Give the count of lines that hold the word "width" in this listing, with nothing added.

Dataset entries »

+--

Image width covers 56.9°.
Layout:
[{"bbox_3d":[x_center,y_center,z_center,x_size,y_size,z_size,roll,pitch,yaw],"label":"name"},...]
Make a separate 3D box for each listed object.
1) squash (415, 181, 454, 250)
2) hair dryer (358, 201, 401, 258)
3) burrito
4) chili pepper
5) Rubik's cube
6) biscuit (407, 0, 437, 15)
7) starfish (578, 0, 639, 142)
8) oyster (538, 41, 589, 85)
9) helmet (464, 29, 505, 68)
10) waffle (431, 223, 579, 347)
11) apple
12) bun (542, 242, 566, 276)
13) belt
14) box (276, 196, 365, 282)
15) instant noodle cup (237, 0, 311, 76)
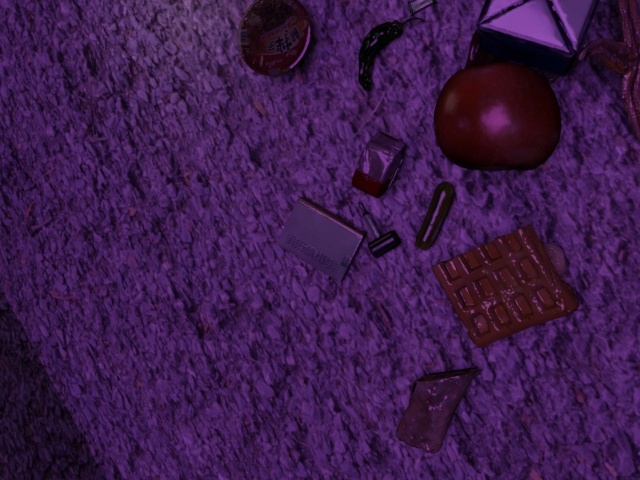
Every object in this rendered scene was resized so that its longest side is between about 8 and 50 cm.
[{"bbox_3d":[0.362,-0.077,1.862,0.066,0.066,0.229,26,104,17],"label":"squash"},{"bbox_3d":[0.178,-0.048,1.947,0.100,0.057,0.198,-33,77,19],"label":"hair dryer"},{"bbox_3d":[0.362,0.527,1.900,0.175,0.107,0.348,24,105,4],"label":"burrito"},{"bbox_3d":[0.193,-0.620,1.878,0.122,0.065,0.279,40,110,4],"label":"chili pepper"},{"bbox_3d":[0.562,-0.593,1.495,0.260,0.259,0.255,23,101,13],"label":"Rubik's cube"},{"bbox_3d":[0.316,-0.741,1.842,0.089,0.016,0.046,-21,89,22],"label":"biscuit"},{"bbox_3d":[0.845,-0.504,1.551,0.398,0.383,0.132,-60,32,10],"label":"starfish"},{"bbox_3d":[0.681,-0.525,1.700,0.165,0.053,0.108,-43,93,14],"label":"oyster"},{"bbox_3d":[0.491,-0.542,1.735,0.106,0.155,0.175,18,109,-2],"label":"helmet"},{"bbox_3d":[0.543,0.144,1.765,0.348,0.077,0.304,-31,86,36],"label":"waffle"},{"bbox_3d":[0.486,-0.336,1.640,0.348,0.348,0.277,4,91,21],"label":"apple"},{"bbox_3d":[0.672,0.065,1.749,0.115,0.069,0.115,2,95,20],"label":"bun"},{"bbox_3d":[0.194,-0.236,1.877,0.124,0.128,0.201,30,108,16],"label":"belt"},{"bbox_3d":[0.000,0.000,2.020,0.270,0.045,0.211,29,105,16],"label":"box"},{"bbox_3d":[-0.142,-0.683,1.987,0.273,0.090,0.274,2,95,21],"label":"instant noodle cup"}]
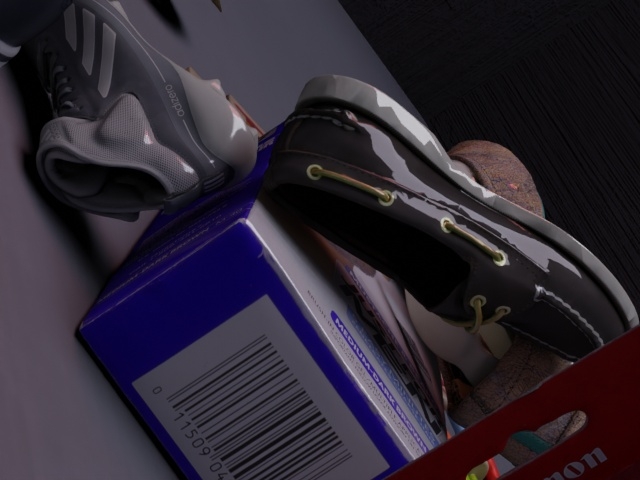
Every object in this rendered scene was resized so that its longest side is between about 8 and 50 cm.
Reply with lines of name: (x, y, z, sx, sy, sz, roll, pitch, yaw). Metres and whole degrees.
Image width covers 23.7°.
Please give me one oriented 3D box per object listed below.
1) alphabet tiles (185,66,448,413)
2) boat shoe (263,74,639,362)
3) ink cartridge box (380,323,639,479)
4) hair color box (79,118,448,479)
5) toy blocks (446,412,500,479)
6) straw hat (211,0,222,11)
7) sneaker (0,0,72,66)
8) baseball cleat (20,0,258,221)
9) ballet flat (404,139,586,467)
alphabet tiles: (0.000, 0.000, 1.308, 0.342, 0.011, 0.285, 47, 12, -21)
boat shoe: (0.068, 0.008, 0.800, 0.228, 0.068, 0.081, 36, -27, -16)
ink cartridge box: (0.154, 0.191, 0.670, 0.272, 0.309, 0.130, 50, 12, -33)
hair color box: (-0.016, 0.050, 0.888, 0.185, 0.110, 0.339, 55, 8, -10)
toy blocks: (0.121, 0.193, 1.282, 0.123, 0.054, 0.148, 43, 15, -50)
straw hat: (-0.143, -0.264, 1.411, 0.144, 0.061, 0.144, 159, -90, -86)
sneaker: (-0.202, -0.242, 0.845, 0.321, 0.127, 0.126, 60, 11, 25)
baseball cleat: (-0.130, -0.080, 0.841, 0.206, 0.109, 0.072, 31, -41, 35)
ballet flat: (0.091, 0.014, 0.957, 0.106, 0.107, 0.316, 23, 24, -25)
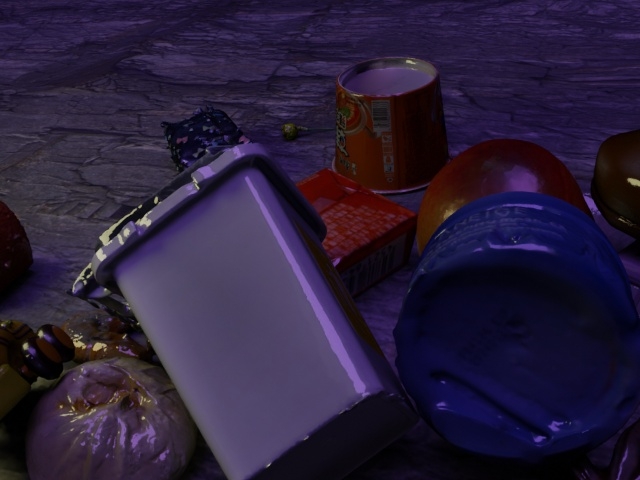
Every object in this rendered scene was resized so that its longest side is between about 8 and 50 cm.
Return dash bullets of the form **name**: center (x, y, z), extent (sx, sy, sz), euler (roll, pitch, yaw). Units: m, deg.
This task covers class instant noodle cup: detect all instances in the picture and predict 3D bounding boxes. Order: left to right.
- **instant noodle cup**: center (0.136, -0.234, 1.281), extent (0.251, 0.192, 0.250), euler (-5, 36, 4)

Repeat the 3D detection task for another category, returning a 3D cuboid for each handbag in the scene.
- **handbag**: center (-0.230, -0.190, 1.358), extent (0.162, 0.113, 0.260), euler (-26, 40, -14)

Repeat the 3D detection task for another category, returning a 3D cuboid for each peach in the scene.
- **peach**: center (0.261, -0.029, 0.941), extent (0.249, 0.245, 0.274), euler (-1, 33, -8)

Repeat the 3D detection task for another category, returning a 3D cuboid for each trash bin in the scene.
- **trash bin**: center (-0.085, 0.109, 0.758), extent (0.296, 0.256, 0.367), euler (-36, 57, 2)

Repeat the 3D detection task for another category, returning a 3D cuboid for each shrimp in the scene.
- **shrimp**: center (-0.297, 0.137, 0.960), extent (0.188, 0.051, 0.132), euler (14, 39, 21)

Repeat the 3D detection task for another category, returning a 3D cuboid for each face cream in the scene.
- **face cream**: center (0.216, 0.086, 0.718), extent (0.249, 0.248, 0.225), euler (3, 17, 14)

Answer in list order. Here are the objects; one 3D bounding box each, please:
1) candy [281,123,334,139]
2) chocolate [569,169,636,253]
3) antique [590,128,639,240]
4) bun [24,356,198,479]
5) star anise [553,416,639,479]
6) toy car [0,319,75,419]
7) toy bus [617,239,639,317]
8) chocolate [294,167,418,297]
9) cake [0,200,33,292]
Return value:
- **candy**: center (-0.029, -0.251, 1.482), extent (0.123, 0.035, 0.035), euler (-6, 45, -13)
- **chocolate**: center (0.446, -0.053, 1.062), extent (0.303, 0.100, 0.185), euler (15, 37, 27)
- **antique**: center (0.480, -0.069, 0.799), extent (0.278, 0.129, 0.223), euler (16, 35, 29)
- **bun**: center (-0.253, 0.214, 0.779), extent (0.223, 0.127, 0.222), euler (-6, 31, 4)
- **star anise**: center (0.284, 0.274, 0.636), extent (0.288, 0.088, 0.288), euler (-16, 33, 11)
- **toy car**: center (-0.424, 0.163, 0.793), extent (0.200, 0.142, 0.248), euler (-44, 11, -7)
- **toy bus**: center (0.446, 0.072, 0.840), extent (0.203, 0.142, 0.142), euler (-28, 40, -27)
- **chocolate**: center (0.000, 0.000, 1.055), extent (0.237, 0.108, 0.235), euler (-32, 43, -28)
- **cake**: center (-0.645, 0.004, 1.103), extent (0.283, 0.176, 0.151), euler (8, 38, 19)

+--

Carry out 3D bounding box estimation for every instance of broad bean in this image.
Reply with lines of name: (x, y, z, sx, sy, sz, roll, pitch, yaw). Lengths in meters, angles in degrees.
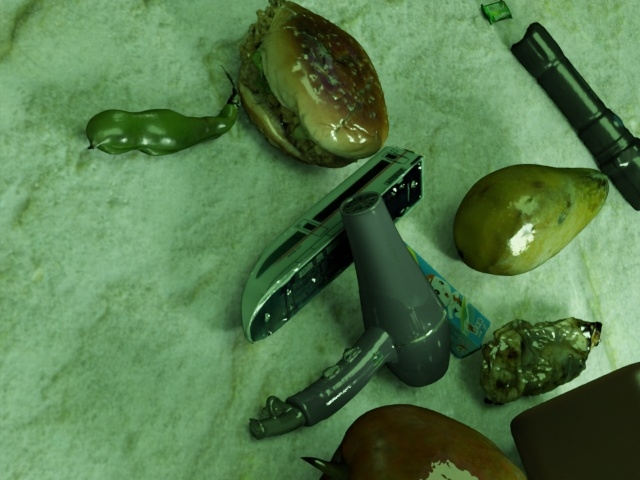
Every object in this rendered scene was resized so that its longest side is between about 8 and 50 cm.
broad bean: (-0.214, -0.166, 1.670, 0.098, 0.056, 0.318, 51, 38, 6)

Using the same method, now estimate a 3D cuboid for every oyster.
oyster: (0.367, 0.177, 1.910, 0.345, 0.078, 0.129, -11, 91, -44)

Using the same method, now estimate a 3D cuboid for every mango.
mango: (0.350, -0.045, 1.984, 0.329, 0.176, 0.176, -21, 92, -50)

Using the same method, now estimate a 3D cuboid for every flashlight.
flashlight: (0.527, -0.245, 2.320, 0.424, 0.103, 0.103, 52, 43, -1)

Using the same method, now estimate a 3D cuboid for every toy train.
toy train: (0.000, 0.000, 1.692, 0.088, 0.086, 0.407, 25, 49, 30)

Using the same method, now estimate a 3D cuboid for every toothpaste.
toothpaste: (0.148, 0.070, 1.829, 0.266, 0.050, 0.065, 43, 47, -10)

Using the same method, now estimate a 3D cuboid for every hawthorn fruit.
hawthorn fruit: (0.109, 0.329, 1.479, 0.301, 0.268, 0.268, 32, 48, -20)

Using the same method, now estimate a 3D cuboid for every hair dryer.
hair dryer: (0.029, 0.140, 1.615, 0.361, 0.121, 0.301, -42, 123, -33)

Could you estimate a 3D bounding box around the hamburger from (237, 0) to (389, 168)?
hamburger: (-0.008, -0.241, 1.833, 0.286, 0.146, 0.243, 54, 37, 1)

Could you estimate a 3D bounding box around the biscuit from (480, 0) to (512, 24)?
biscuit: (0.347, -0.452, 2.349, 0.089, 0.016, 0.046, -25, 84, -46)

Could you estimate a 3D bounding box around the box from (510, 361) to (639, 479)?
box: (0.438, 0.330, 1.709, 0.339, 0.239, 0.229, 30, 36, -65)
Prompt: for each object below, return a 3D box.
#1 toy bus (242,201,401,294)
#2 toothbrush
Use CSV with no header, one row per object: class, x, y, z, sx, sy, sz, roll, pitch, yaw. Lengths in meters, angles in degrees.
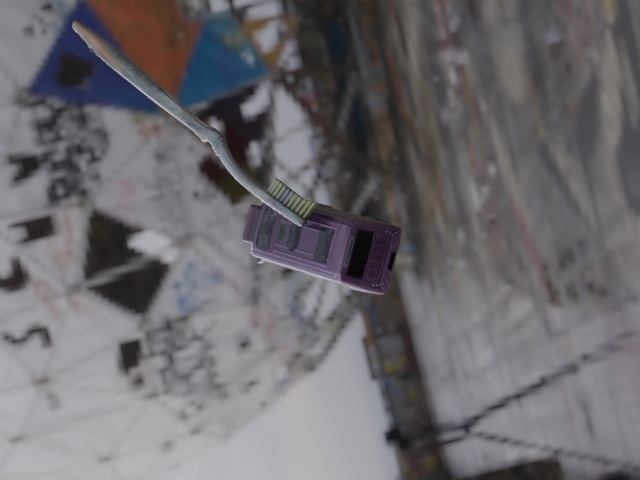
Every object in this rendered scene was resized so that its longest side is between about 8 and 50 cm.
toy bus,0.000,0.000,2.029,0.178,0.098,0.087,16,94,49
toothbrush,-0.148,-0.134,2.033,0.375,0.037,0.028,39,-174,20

+--

Written reply » 2